Now that I could get a good look at my captor's face I thought I recognized him but I was wrong. He was third banana in an unmemorable bunch of low-tiered thugs known internationally as 'Hey, it's those guys'; right between Joey "You Look Kind of Familiar" Norris and Melvin "Didn't You Used to Work at Borders" Washington. No way to tell who he was.

"Someone's put out a contract on you."

"I didn't sign any contract."

"It was verbal. You don't need a signature for a verbal contract."

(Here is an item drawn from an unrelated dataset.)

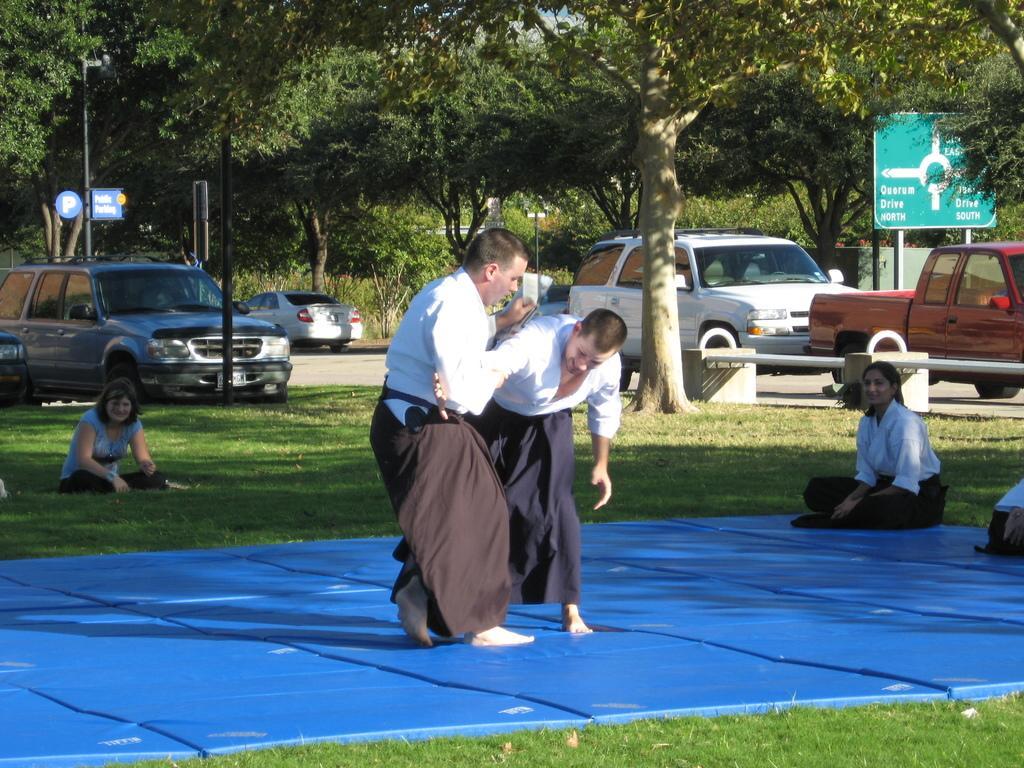Can you describe this image briefly? In this image we can see people, tatami mats, grass, road, vehicles, bench, planter, poles, boards, and trees. 
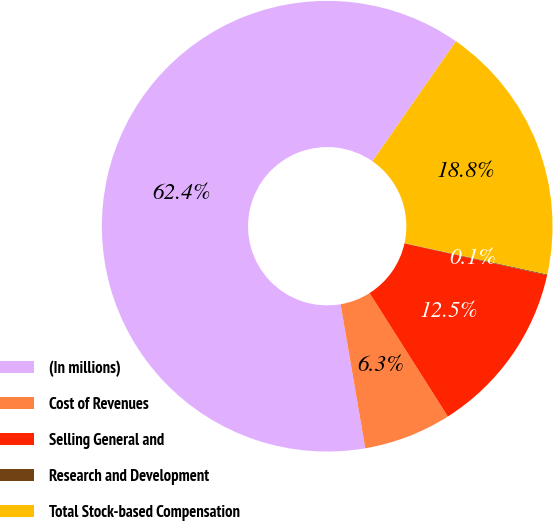Convert chart. <chart><loc_0><loc_0><loc_500><loc_500><pie_chart><fcel>(In millions)<fcel>Cost of Revenues<fcel>Selling General and<fcel>Research and Development<fcel>Total Stock-based Compensation<nl><fcel>62.38%<fcel>6.29%<fcel>12.52%<fcel>0.06%<fcel>18.75%<nl></chart>

"Tell me about it," I said. Either he thought I was being rhetorical or he didn't, but I never found out what the contract said. It didn't matter; like a narcissist taking a selfie, somebody wanted me out of the picture. I had to think fast. And then act quickly. And I didn't have much down time between the two. "A verbal contract does have to be confirmed by a notary, otherwise it's based on a lie."

"It...it is notarized." He tripped over his words. It was very funny.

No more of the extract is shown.